For the data that follows, return each line unchanged and drop the pictures.
(Task input begins)
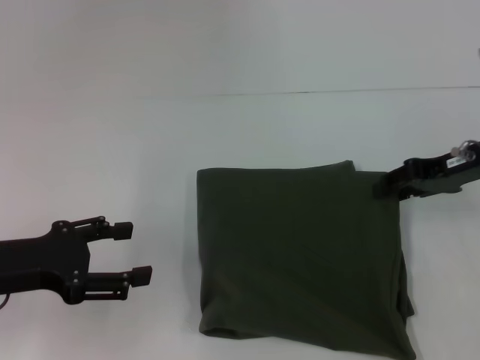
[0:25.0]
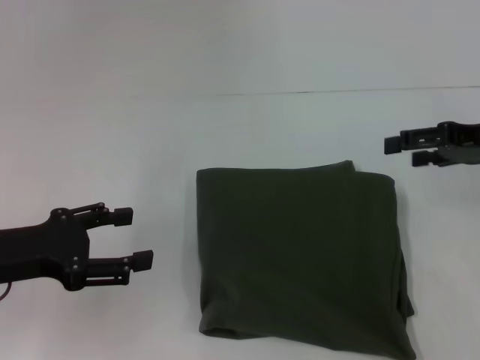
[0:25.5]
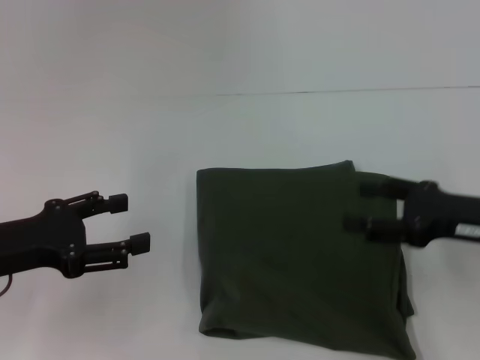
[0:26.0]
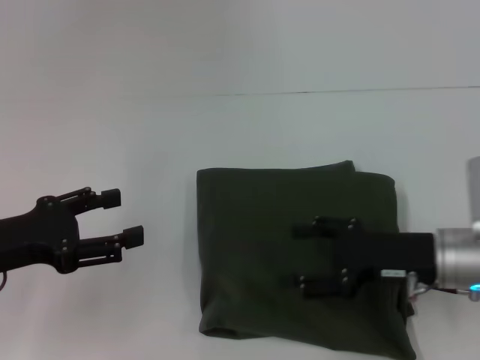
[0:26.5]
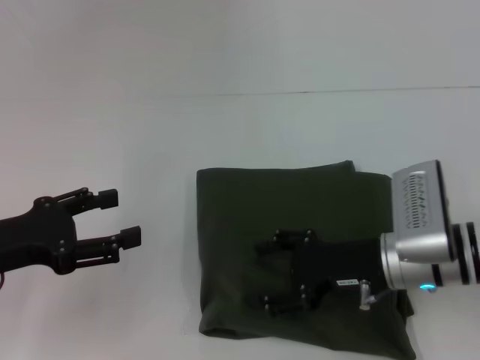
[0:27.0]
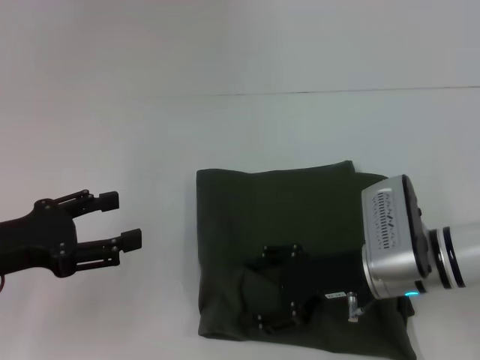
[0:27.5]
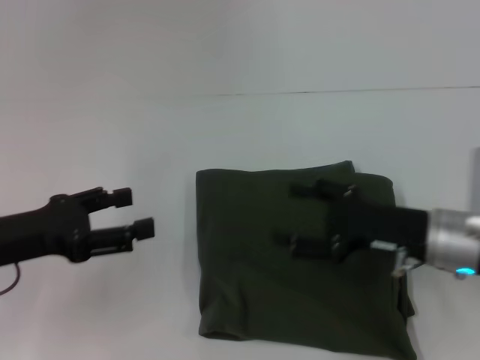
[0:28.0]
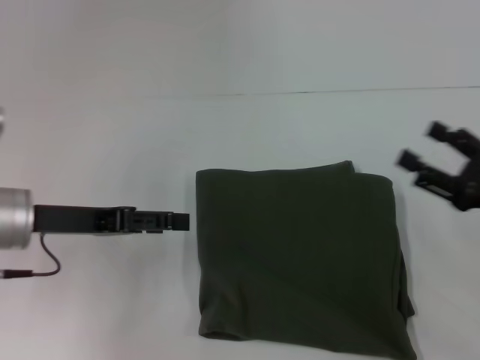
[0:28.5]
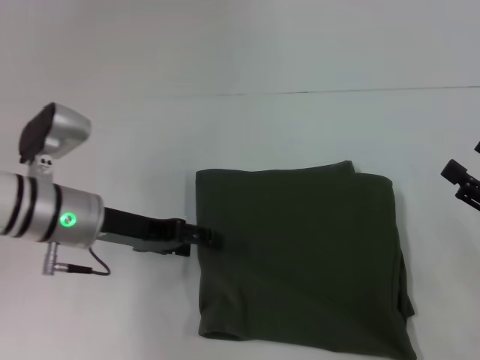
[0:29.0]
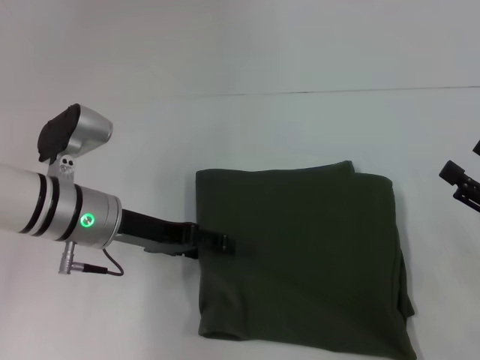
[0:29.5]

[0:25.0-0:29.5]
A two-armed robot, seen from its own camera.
(Task input ends)
* _Expected answer_
[0:25.0]
[0:25.5]
[0:26.0]
[0:26.5]
[0:27.0]
[0:27.5]
[0:28.0]
[0:28.5]
[0:29.0]
[0:29.5]

[0:25.0-0:29.5]
A two-armed robot, seen from its own camera.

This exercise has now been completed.